La vittoria di Jackline, prima coach di un team maschile in Africa

La keniana Juma guida da 3 mesi il Talanta di Nairobi

31-10-2024 di Freddie del Curatolo

In Italia ci aveva provato, nell’estate del 1999, quel matto rivoluzionario e provocatore di Luciano Gaucci, patron del Perugia e di altre quattro o cinque squadre dalla serie A alla serie D, nel suo impeto fagocitante che non seppe fermare in tempo, come racconta l’amico e vicepresidente Pasquale Pes nel suo bel libro.
Gaucci chiamò una donna alla guida della Viterbese, allora nella terza serie italiana. Era la prima volta di sempre nel calcio professionistico degli uomini, e non era una donna qualunque, ma la più grande ex calciatrice di sempre, Carolina Morace.
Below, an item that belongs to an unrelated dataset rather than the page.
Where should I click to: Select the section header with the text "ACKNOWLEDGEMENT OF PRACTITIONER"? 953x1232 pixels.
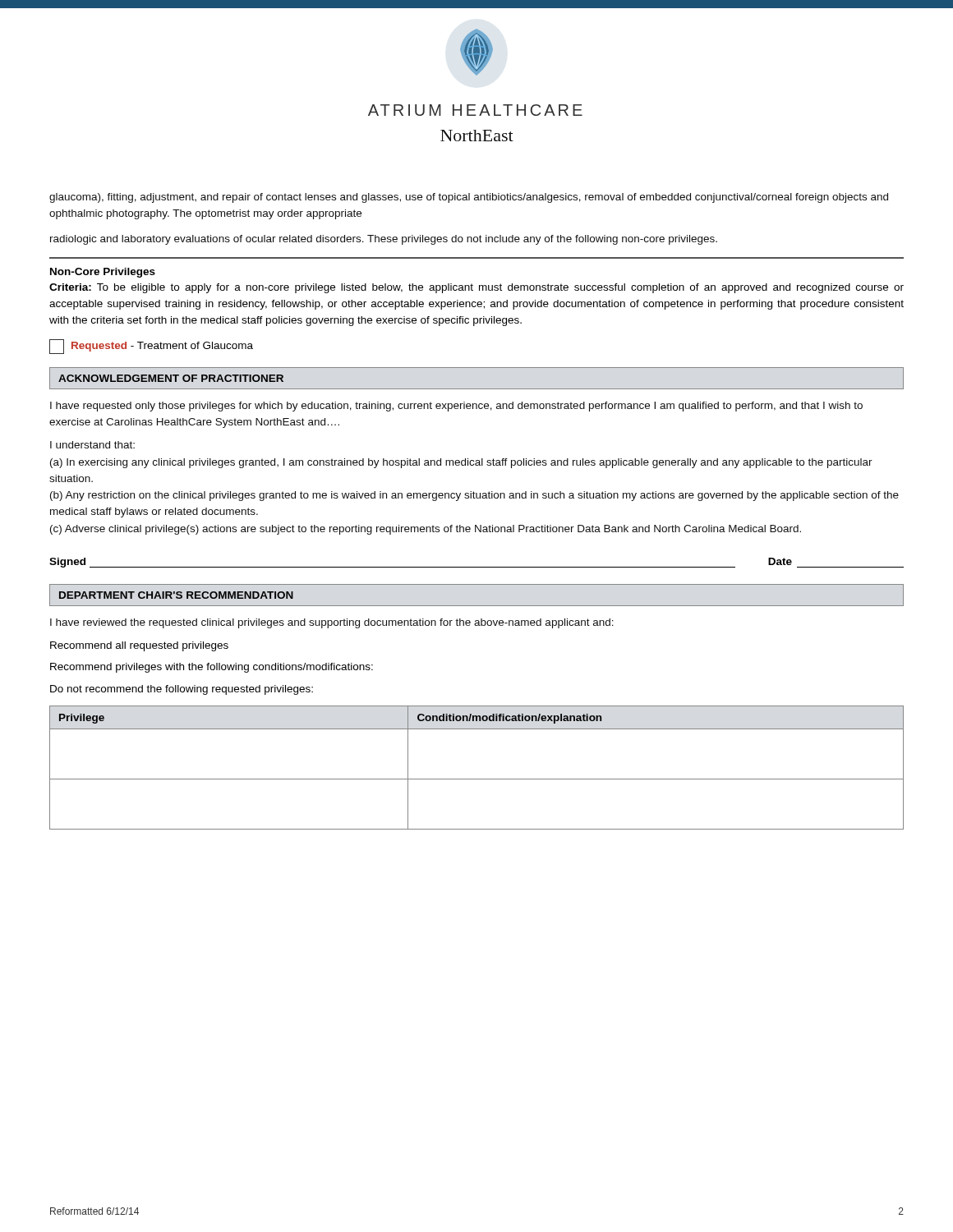(x=171, y=378)

L’esperimento durò un mese di preparazione e sole due giornate di campionato, con una vittoria e una sconfitta, un putiferio mediatico ed altrettante polemiche, concluse con le dimissioni dell’allenatrice.
Venticinque anni dopo, nella serie A keniana, le cose stanno andando decisamente meglio ad un’altra donna, che sta facendo parlare di sé almeno nel continente africano.
Si chiama Jackline Juma e da poco meno di tre mesi è la prima allenatrice di una squadra maschile nella Kenyan Premier League, il Talanta Football Club di Nairobi, ed in tutti i campionati di massima serie d'Africa.
La trentottenne Jackline, cresciuta in una famiglia di calciatori, tra padre e fratelli, con cui giocava da bambina e che l’hanno iniziata ad una carriera culminata nella nazionale giovanile. Ma lo studio ha prevalso e appese le scarpe al chiodo, ha deciso di alternare il suo apprendistato come giurista nell’allenare club femminili, fino alla stessa nazionale giovanile. Oggi calciatore è anche il suo primogenito, ma Jackline non si è fermata e quando si è prospettata questa singolare possibilità, dopo aver conseguito il patentino “A” della confederazione del calcio africano e il secondo punteggio più alto tra tutti i frequentatori del corso continentale, non ci ha pensato due volte.
I risultati ancora non arrivano, cinque punti in altrettante partite, ma è una partenza migliore di quella dell’anno scorso, quando la squadra si salvò all’ultima giornata. Il gioco però inizia a vedersi e lei è molto ambiziosa: come ha dichiarato a Guardian Africa, è convinta di poter arrivare tra le prime sei del campionato e magari eguagliare i sorprendenti risultati di quella squadra italiana che ha solo una “A” in più di “Talanta” ma che non cambierebbe il suo allenatore con nessuno, neanche si chiamasse Gasperina.
“Non sento la pressione di essere un esempio per le altre donne, in quanto allenatrice di una squadra maschile – ha detto Jackline in un’intervista -, le possibilità di fallimento fanno parte delle probabilità, tutti i coach lo sanno. A volte si vince e a volte si perde, ma quando si perde deve essere un processo di apprendimento. Non sento la pressione perché so di essere capace”.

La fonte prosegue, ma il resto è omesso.